Cytori entered into agreements to issue a total of 2.83 million shares of common stock with 50% warrant coverage at $6.00 per unit. The warrants will be exercisable for up to a total of 1.42 million shares of common stock at an exercise price of $8.50 per share. The warrants will have a five year term and will be exercisable no sooner than six months following the closing of this transaction. Olympus, as the lead investor, will purchase one million shares and warrants exercisable for up to an additional 500,000 shares. Olympus entered into a separate purchase agreement with Cytori and is expected to fund its purchase of the securities on or about August 8, 2008. The closing with respect to the other investors is expected to take place on or about August 11, 2008, subject to the satisfaction of customary closing conditions.
 
Cytori intends to use the proceeds to expand commercialization activities for its Celution® 800/CRS System in Europe and Asia Pacific and global marketing efforts for the Company’s Celution System-based StemSource® Cell Bank business. In addition, the proceeds will be used for funding the Company’s product development, clinical trials, working capital, and general corporate purposes.
 
Piper Jaffray & Co. served as the exclusive placement agent for all securities offered as part of the financing other than those offered to Olympus. This press release shall not constitute an offer to sell or the solicitation of an offer to buy, nor shall there be any sales of these securities in any jurisdiction in which such an offer, solicitation or sale would be unlawful prior to the registration or qualification under the securities laws of any such jurisdiction. The securities to be sold in the private placement have not been registered under the Securities Act of 1933, as amended, or state securities laws and may not be offered or sold in the United States absent registration or an applicable exemption from registration requirements. The securities were offered and will be sold only to a limited number of accredited investors.

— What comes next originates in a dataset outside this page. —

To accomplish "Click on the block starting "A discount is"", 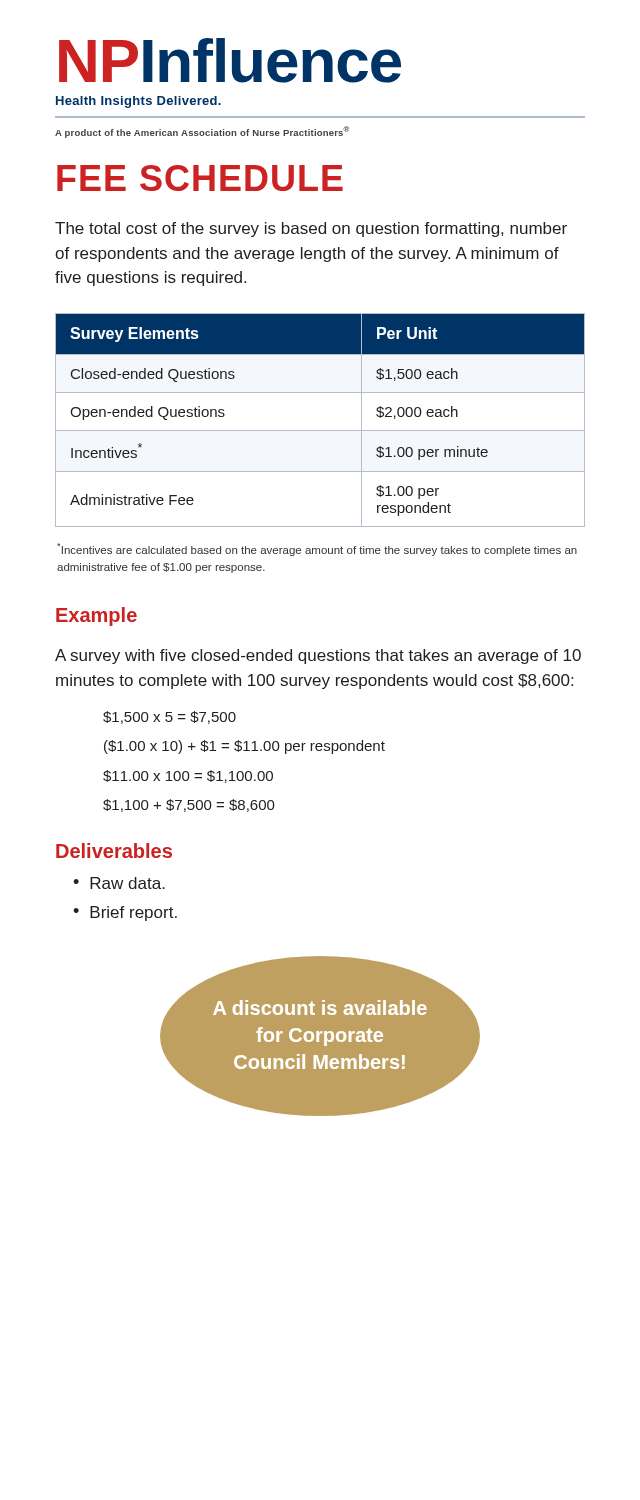I will pos(320,1036).
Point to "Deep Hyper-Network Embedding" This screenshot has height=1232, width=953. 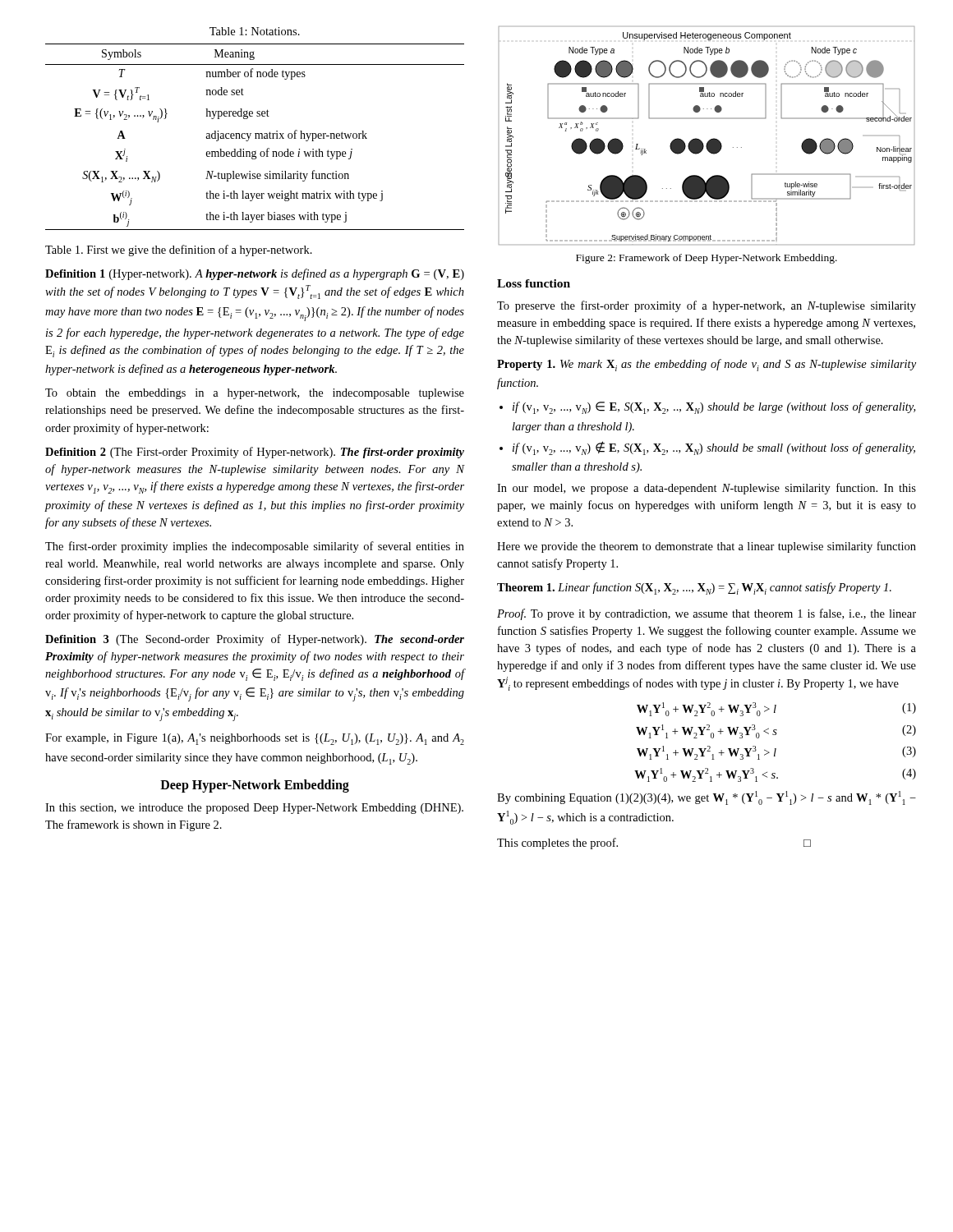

Cytori has agreed to file a registration statement with the Securities and Exchange Commission to cover the resale by the investors of the shares of common stock issued in the private placement and issuable upon exercise of the warrants issued in the private placement.
 
About Cytori
 
Cytori’s (NASDAQ: CYTX) goal is to be the global leader in regenerative medicine. The company is dedicated to providing patients with new options for reconstructive surgery, developing treatments for cardiovascular disease, and banking patients' adult stem and regenerative cells. The Celution® 800 System is being introduced in Europe and Asia Pacific into the reconstructive surgery market while the Celution® 900 System is being commercialized globally for cryopreserving a patient's own stem and regenerative cells. Clinical trials are ongoing in cardiovascular disease and planned for spinal disc degeneration, gastrointestinal disorders, and other unmet medical needs. www.cytoritx.com

Cautionary Statement Regarding Forward-Looking Statements
 
This press release includes forward-looking statements regarding events, trends and business prospects, which may affect our future operating results and financial position. Such statements are subject to risks and uncertainties that could cause our actual results and financial position to differ materially. Some of these risks and uncertainties include, but are not limited to, statements regarding the private placement, the expected closing of the private placement, the number of additional shares that could be sold in connection with exercise of warrants issued in the private placement, a need for further financing, our plans for expanding commercialization of our Celution® 800/CRS System and for global marketing efforts for our Celution System-based StemSource® Cell Bank business, and other risks and uncertainties described under the heading "Risk Factors" in Cytori’s Securities and Exchange Commission filings. We assume no responsibility to update or revise any forward-looking statements to reflect events, trends or circumstances after the date they are made.